[Work request]:
An exact copy of all the data is needed, with every picture left out.
:: Source material ::
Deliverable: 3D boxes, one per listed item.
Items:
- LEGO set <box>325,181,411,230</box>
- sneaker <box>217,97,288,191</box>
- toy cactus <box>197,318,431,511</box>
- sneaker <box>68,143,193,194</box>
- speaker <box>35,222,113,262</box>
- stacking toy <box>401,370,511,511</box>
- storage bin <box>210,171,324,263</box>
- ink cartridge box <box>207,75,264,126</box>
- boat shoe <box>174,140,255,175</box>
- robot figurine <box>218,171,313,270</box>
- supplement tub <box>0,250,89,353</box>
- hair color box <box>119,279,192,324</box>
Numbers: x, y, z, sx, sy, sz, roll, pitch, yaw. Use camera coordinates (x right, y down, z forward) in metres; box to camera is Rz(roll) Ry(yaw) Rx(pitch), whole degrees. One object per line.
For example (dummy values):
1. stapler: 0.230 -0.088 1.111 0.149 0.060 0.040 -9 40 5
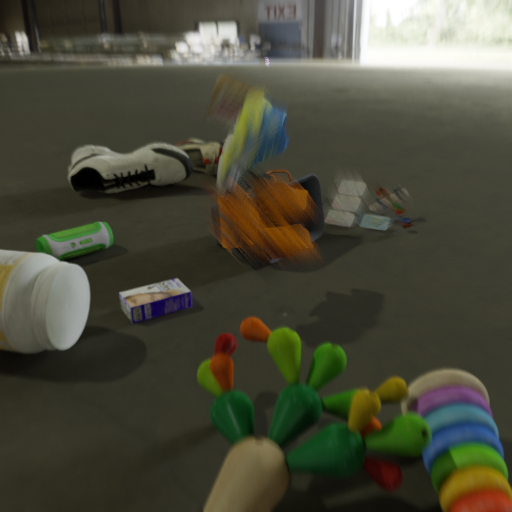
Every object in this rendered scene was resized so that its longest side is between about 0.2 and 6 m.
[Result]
1. LEGO set: 2.512 -0.975 12.016 1.738 0.427 1.298 10 55 24
2. sneaker: 0.003 -2.353 12.134 1.210 2.305 0.873 19 -14 5
3. toy cactus: 0.236 1.754 5.468 2.648 1.354 2.185 17 48 28
4. sneaker: -3.140 -2.010 13.913 3.147 1.160 1.259 -2 38 5
5. speaker: -3.339 -0.248 10.334 1.298 0.574 0.574 -20 31 -37
6. stacking toy: 1.945 2.043 5.063 0.891 0.891 2.088 1 31 1
7. storage bin: 0.145 -0.866 10.837 1.396 1.513 2.079 6 23 38
8. ink cartridge box: -0.486 -3.548 13.111 1.113 0.917 0.418 23 43 0
9. boat shoe: -1.252 -2.686 15.314 2.694 0.959 0.843 14 31 33
10. robot figurine: 0.130 -0.499 8.148 0.552 1.374 1.895 -6 -1 40
11. supplement tub: -3.345 0.586 7.505 1.843 1.340 1.340 5 25 10
12. hair color box: -1.536 0.676 8.570 0.974 0.316 0.533 -16 29 -27
:::
[Answer space]:
Deliverable: 3D boxes, one per listed item.
Items:
- LEGO set <box>325,181,411,230</box>
- sneaker <box>217,97,288,191</box>
- toy cactus <box>197,318,431,511</box>
- sneaker <box>68,143,193,194</box>
- speaker <box>35,222,113,262</box>
- stacking toy <box>401,370,511,511</box>
- storage bin <box>210,171,324,263</box>
- ink cartridge box <box>207,75,264,126</box>
- boat shoe <box>174,140,255,175</box>
- robot figurine <box>218,171,313,270</box>
- supplement tub <box>0,250,89,353</box>
- hair color box <box>119,279,192,324</box>
Numbers: x, y, z, sx, sy, sz, roll, pitch, yaw. Use camera coordinates (x right, y down, z forward) in metres; box to camera is Rz(roll) Ry(yaw) Rx(pitch), whole degrees. One object per line.
For example (dummy values):
1. stapler: 0.230 -0.088 1.111 0.149 0.060 0.040 -9 40 5
Every object in this rendered scene was resized so that its longest side is between about 0.2 and 6 m.
[Result]
1. LEGO set: 2.512 -0.975 12.016 1.738 0.427 1.298 10 55 24
2. sneaker: 0.003 -2.353 12.134 1.210 2.305 0.873 19 -14 5
3. toy cactus: 0.236 1.754 5.468 2.648 1.354 2.185 17 48 28
4. sneaker: -3.140 -2.010 13.913 3.147 1.160 1.259 -2 38 5
5. speaker: -3.339 -0.248 10.334 1.298 0.574 0.574 -20 31 -37
6. stacking toy: 1.945 2.043 5.063 0.891 0.891 2.088 1 31 1
7. storage bin: 0.145 -0.866 10.837 1.396 1.513 2.079 6 23 38
8. ink cartridge box: -0.486 -3.548 13.111 1.113 0.917 0.418 23 43 0
9. boat shoe: -1.252 -2.686 15.314 2.694 0.959 0.843 14 31 33
10. robot figurine: 0.130 -0.499 8.148 0.552 1.374 1.895 -6 -1 40
11. supplement tub: -3.345 0.586 7.505 1.843 1.340 1.340 5 25 10
12. hair color box: -1.536 0.676 8.570 0.974 0.316 0.533 -16 29 -27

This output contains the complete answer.